Lazio - Cagliari | Pedro segna, Provedel salva: vittoria e fischi all’Olimpico

02.12.2023 20:03 di Antoniomaria Pietoso Twitter:    vedi letture
Lazio - Cagliari | Pedro segna, Provedel salva: vittoria e fischi all’Olimpico

Contava vincere e la Lazio lo fa grazie alla prima rete in campionato di Pedro. Tre punti fondamentali per risalire la china in classifica, ma la squadra di Sarri esce tra i fischi dell’Olimpico. Una prestazione non esaltante quella delle aquile che, pur giocando per più di un’ora in superiorità numerica, non hanno chiuso la sfida rischiando addirittura la beffa nel recupero. Dopo il vantaggio firmato Pedrito e l’espulsione di Makoumbou ci si aspettava che le aquile potessero dilagare, ma invece Immobile e compagni hanno solo gestito il risultato non affondando mai colpo. Nemmeno i cambi aiutano la squadra che anzi nel finale rischia il pari ma Provedel fa il miracolo su Pavoletti, mentre Oristanio (lanciato da Lazzari) sbaglia il pallonetto del pareggio. Insomma buono il risultato e poco altro ma, visto quanto accaduto finora in campionato, meglio di niente.

FORMAZIONI - Maurizio Sarri cambia ancora e stavolta a farne le spese è Felipe Anderson che parte dalla panchina. In attacco torna Immobile dal primo minuto con ai suoi lati Isaksen e Pedro. Difesa e centrocampo confermati con Patric e Gila dietro e la mediana con Rovella tra Guendouzi e Luis Alberto.

PRIMO TEMPO -  Lazio che parte subito concentrata con Isaksen ancora attivo sulla destra che mette in difficoltà la corsia mancina ospite. Al 7’ i biancocelesti passano complice l’ingenuità di Hatzidiakos che lascia il pallone a Lazzari, l’ex Spal crossa al centro per Pedro che insacca. Il greco sbaglia ancora poco dopo e regala una punizione dal limite su cui Luis Alberto impegna Scuffet dal limite. Il Cagliari incassa e prova a reagire, ma Lapadula al 19’ mette fuori di testa. Biancocelesti che quando ripartono sono quasi letali: splendida azione di Isaksen e Immobile che porta all tiro Pedro, Scuffet si salva e blocca in qualche modo. Al 26’ Makoumbou trattiene Guendouzi lanciato verso Scuffet: l’arbitro inizialmente estrae il giallo, ma richiamato dal Var cambia decisione ed espelle il calciatore ospite lasciando il Cagliari in 10.  Ranieri corre ai ripari e richiama Lapadula e Hatzidiakos per inserire Luvumbo e Sulemana. Lazio che gestisce il vantaggio senza affondare.

SECONDO TEMPO - La ripresa si apre con Cataldi al posto di Rovella. Lazio che gestisce il risultato, ma non affonda mai il capo del ko.
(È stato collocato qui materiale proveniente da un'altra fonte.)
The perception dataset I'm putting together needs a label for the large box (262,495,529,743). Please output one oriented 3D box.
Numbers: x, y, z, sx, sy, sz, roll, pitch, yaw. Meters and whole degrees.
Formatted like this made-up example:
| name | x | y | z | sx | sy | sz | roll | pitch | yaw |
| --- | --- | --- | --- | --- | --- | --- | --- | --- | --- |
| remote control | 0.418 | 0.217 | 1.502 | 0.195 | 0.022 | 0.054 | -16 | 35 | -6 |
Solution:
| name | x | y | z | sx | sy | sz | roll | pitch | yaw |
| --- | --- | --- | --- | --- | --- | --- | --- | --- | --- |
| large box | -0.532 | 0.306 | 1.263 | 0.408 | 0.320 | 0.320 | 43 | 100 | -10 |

Il Cagliari si sistema in maniera ordinata e l’Olimpico si gela quando Luis Alberto chiede il cambio per un problema muscolare.Aquile che si rendono pericolose con un diagonale di Immobile che esce di poco. Per il resto girandola di cambi e Sarri che richiama proprio Ciro e Pedro per inserire Castellanos e Felipe Anderson. L’argentino ha due occasioni per finire sul tabellina dei marcatori, ma prima calcia debolmente e poi ritarda la conclusione permettendo il recupero di Sulemana. L’uomo in più non stimola i biancocelesti che badano al sodo. Applausi per Isaksen che lascia il posto a Vecino con Kamada avanzato nel tridente offensivo. La Lazio gioca troppo al gatto con il topo e al 91’ Provedel deve superarsi su Pavoletti che di testa indirizza a colpo scuro trovando Ivan in stato di grazia. Lazio che continua a complicarsi la vita da sola perché davanti Castellanos e compagni faticano e dietro la paura paralizza gambe e idee. Nell’ultimo dei quattro minuti di recupero Lazzari sbaglia il retropassaggio lanciando Oristanio davanti a Provedel, il pallonetto si perde fortunatamente sul fondo.  Finisce il match e la squadra di Sarri si prende i tre punti ma anche i fischi dell’Olimpico per una prestazione tutto ma non brillante.